Avi: Yeah. Don't go to England.

Avi: Should I call you Bullet? Tooth?
Bullet Tooth Tony: You can call me Susan if it makes you happy.

Bullet Tooth Tony: You should never underestimate the predictability of stupidity.

Brick Top: Do you know what "nemesis" means? A righteous infliction of retribution manifested by an appropriate agent. Personified in this case by an 'orrible cunt... me.

Brick Top: In the quiet words of the Virgin Mary... come again. (ova je najjaca)

Bullet Tooth Tony: Boris the Blade?
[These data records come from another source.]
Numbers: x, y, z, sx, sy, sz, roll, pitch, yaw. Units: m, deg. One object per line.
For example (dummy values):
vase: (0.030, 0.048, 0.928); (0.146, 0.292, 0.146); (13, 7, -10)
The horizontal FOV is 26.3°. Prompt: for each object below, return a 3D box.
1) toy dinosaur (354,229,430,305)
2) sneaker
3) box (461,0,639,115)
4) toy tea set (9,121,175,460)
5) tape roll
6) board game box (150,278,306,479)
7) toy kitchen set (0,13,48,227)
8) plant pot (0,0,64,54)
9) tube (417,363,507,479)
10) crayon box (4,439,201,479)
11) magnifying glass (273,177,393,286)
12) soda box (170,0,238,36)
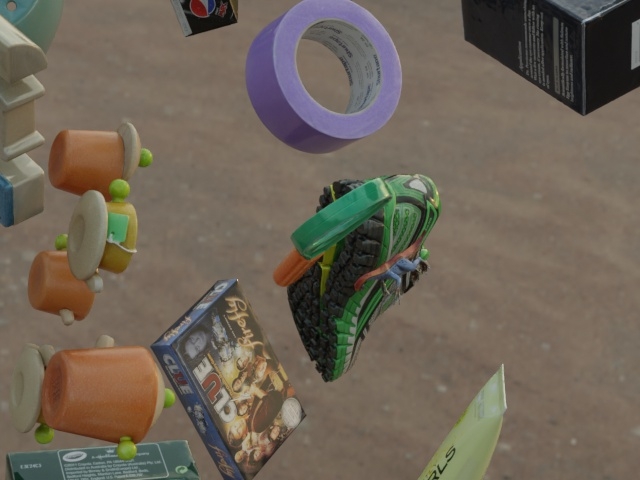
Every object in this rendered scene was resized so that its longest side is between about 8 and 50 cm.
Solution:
toy dinosaur: (0.075, 0.033, 1.513); (0.082, 0.090, 0.047); (6, -17, -26)
sneaker: (0.059, 0.053, 1.656); (0.146, 0.343, 0.134); (-12, 57, -26)
box: (0.220, -0.199, 1.109); (0.156, 0.093, 0.158); (-27, 44, -20)
toy tea set: (-0.206, 0.050, 1.351); (0.124, 0.336, 0.200); (9, 1, -29)
tape roll: (0.005, -0.211, 1.749); (0.189, 0.189, 0.080); (-6, -7, -32)
board game box: (-0.125, 0.200, 1.933); (0.042, 0.243, 0.165); (-7, 28, 41)
toy kitchen set: (-0.336, -0.099, 1.162); (0.166, 0.207, 0.122); (-30, 58, -35)
plant pot: (-0.413, -0.284, 1.499); (0.293, 0.293, 0.235); (-2, -3, -24)
tube: (0.105, 0.222, 1.189); (0.062, 0.240, 0.070); (9, 26, -41)
crayon box: (-0.257, 0.383, 1.556); (0.203, 0.323, 0.083); (-1, 29, -20)
magnifying glass: (0.000, 0.000, 1.206); (0.092, 0.026, 0.231); (-30, -5, -23)
soda box: (-0.110, -0.262, 1.294); (0.053, 0.060, 0.169); (-15, 36, 8)

As in Boris the Bullet-Dodger?
Avi: Why do they call him the Bullet-Dodger?
Bullet Tooth Tony: 'Cause he dodges bullets, Avi.

Avi: You got a toothbrush? We're going to London. Do you hear that, Doug? I'm coming to London.
[Avi arrives in London]
Doug the Head: Avi.
Avi: Shut up and sit down, you big, bald fuck. I don't like leaving my country Doug, and I especially don't like leaving it for anything less then sandy beaches, and cocktails with little straw hats.
Doug the Head: Avi, we have sandy beaches...
Avi: So? Who the fuck wants to see 'em?

Avi: Eighty-six carats.
Rosebud: Where?
Avi: London.
Rosebud: London?
Avi: London.
Gemologist: London?
Avi: Yes, London. You know: fish, chips, cup 'o tea, bad food, worse weather, Mary fucking Poppins... LONDON.

Bullet Tooth Tony: So, you are obviously the big dick. The men on the side of ya are your balls. There are two types of balls. There are big brave balls, and there are little mincey faggot balls.
Vinny: These are your last words, so make them a prayer.
Bullet Tooth Tony: Now, dicks have drive and clarity of vision, but they are not clever. They smell pussy and they want a piece of the action. And you thought you smelled some good old pussy, and have brought your two small mincey faggot balls along for a good old time. But you've got your parties mangled up. There's no pussy here, just a dose that'll make you wish you were born a woman. Like a prick, you are having second thoughts. You are shrinking, and your two little balls are shrinking with ya. The fact that you've got "Replica" written down the side of your gun. (withdraws his gun) And the fact that I've got "Desert Eagle point five O" written on the side of mine, should precipitate your balls into shrinking, along with your presence. Now... Fuck off.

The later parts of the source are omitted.